# Intermediate Algebra Problems

• Jun 20th 2011, 08:08 AM
Aravsion
Intermediate Algebra Problems
Can someone pleace explain how to solve these problems?
The problem statement, all variables and given/known data
Sally can paint a room in 9 hours while it takes Steve 3 hours to paint the same room. How long would it take them to paint the room if they worked together?
The problem statement, all variables and given/known data
One hose can fill a goldfish pond in 18 minutes, and two hoses can fill the same pond in 14 minutes. Find how long it takes the second hose alone to fill the pond.
• Jun 20th 2011, 08:17 AM
Prove It
Re: Intermediate Algebra Problems
1. Set these up as ratios "How much of the room painted : Hours".

Sally
$\displaystyle \displaystyle 1 : 9 = \frac{1}{9} : 1$

Steve
$\displaystyle \displaystyle 1 : 3 = \frac{1}{3} : 1$

Together
\displaystyle \displaystyle \begin{align*} \frac{1}{9} + \frac{1}{3} &: 1 \\ \frac{4}{9} &: 1 \\ 4 &: 9 \\ 1 &: \frac{9}{4} \end{align*}.

So together they will take $\displaystyle \displaystyle 2\frac{1}{4}$ hours.
• Jun 20th 2011, 08:33 AM
IBstudent
Re: Intermediate Algebra Problems
For the second one, lets call the hoses hose A and hose B. A takes 18 minutes so the ratio is 18:1. A+B would be 14:1, so 1/14-1/18=1/63. Hence it is 63 minutes...
• Jun 20th 2011, 08:33 AM
HallsofIvy
Re: Intermediate Algebra Problems
A slightly different point of view: when people or things "work together", their rates of work add.

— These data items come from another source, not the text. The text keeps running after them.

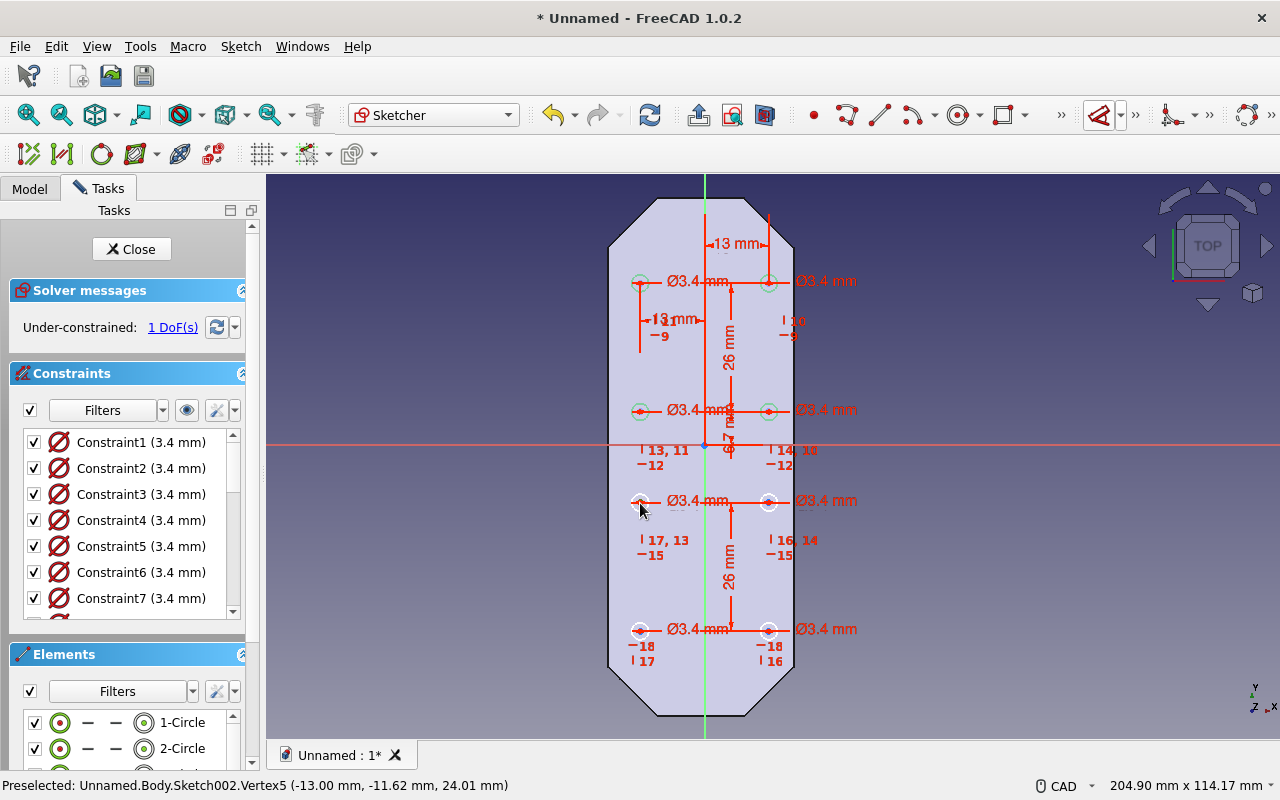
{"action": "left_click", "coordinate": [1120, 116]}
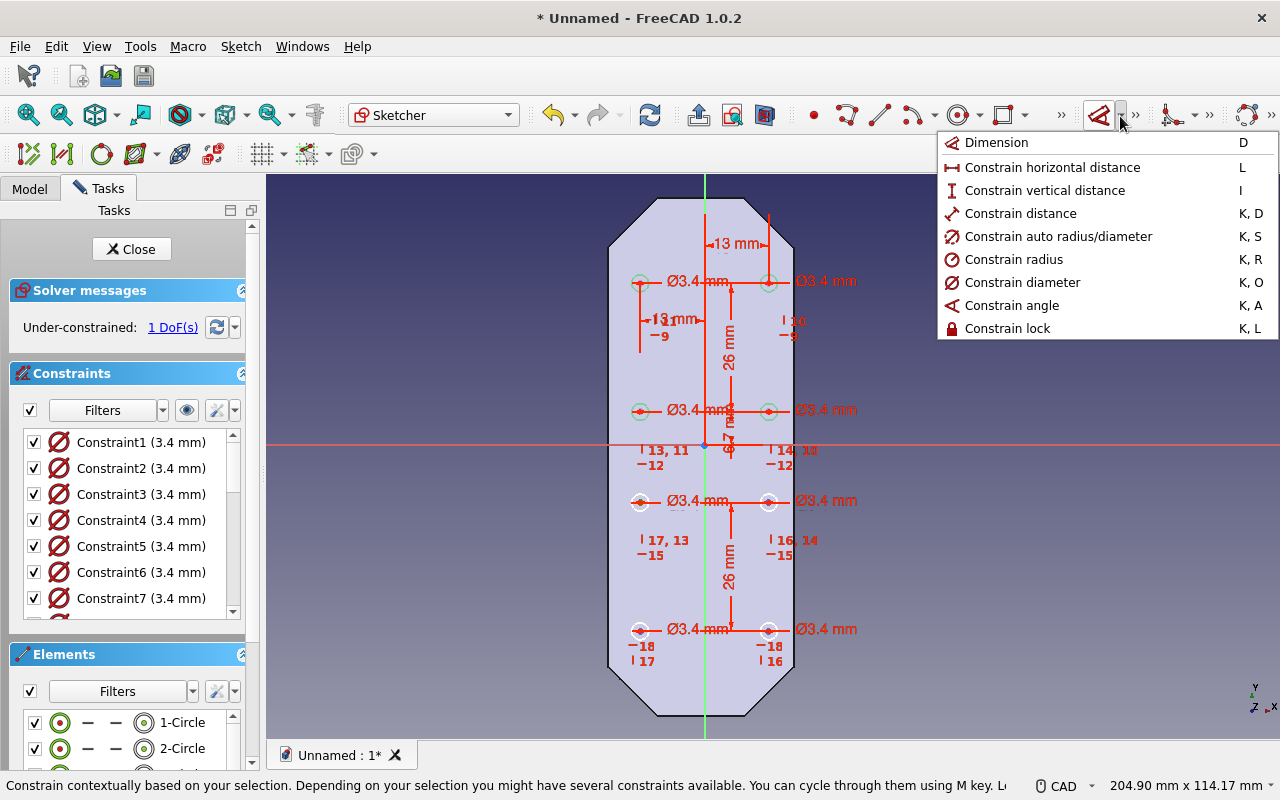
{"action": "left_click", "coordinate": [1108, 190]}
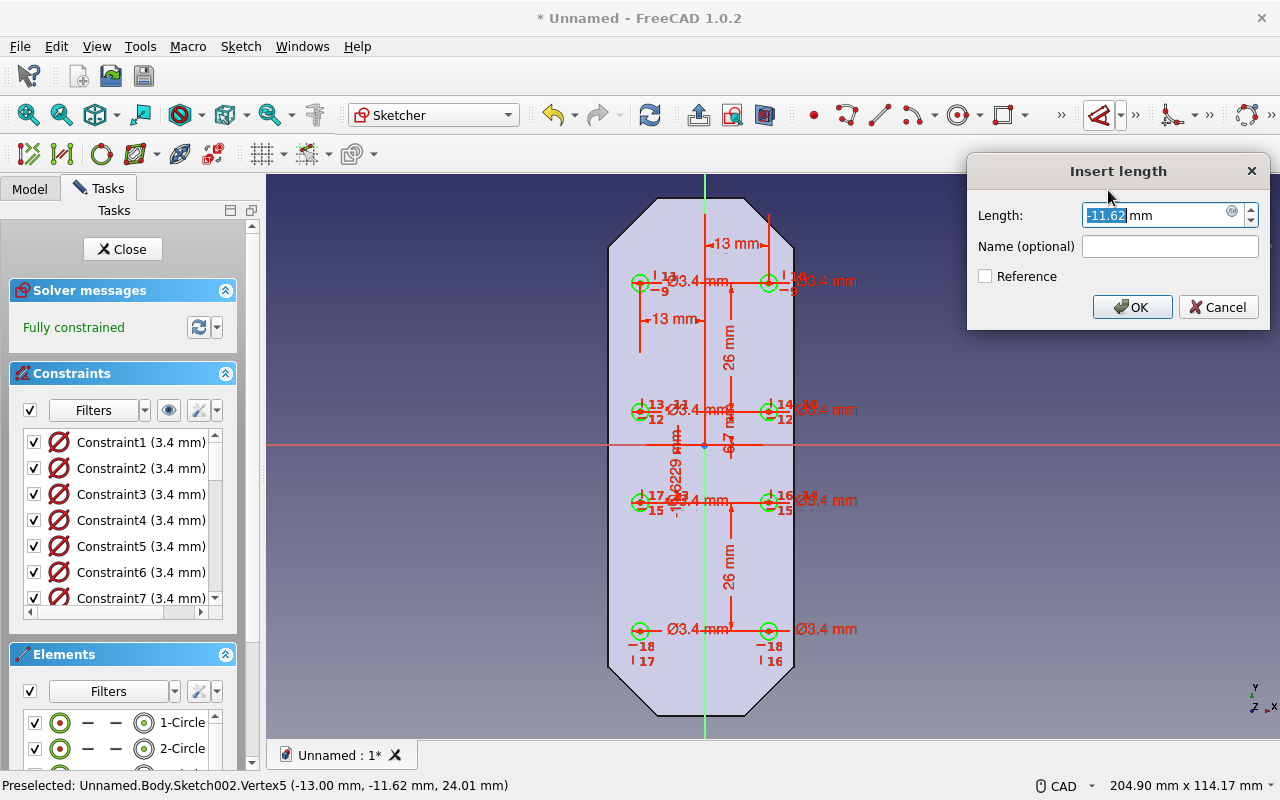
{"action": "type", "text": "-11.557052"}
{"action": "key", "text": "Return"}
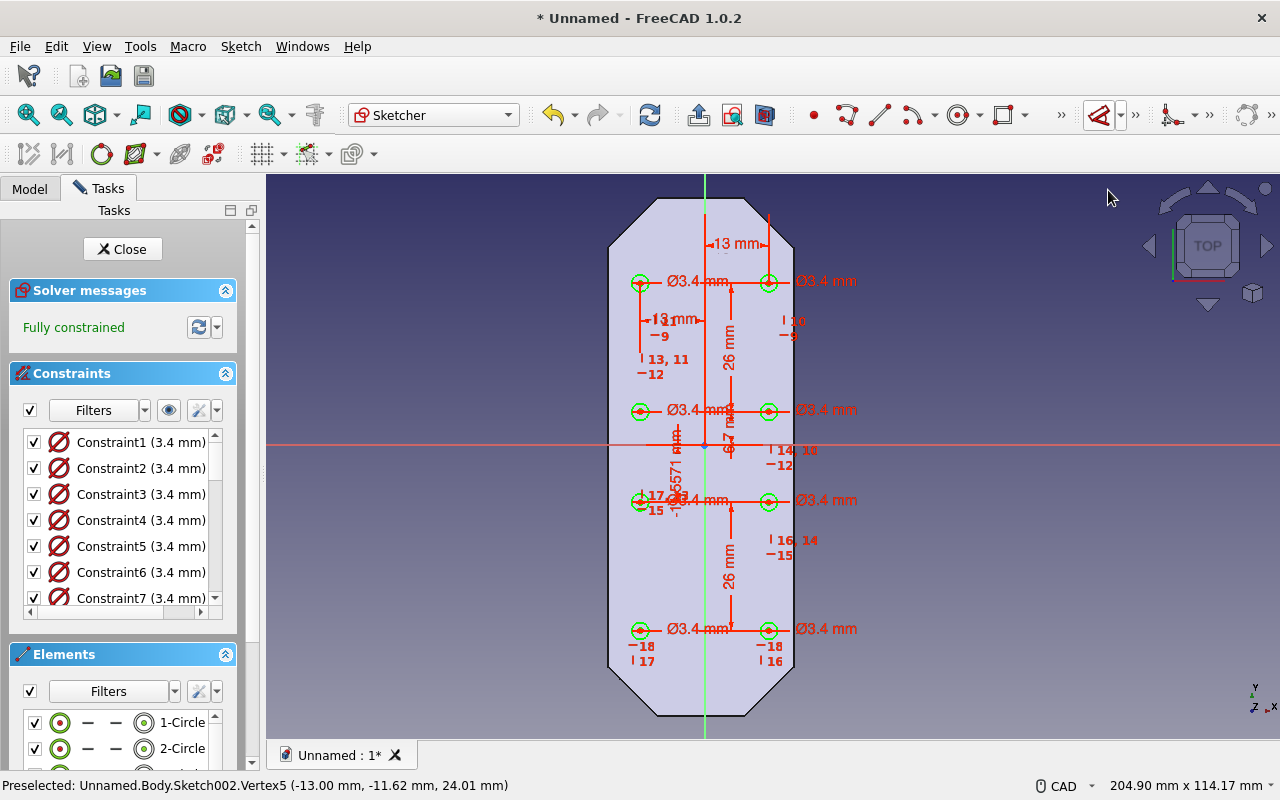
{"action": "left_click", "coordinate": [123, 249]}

"Sally can paint a room in 9 hours"
so Sally's rate of work is 1/9 "room per hour".
"it takes Steve 3 hours to paint the same room"
so Steve's rate of work is 1/3 "room per hour".

Together they work at $\displaystyle \frac{1}{9}+ \frac{1}{3}= \frac{1}{9}+ \frac{3}{9}= \frac{4}{9}$ "room per hour". Invert that to get "hours per room".

"One hose can fill a goldfish pond in 18 minutes"
so that hose works at 1/18 "pond per minute". Since we want to find how long it would take the second hose to fill the pond, call that time "x" minutes. The
second hose works at 1/x "pond per minute".
" and two hoses can fill the same pond in 14 minutes."
so $\displaystyle \frac{1}{18}+ \frac{1}{x}= \frac{1}{14}$

Solve that for x. I recommend multiplying both sides of the equation by the "least common denominator", 2(7)(9)x= 126x.
• Jun 20th 2011, 09:31 AM
Aravsion
Re: Intermediate Algebra Problems
thanks everybody for the explanations! i understand it now!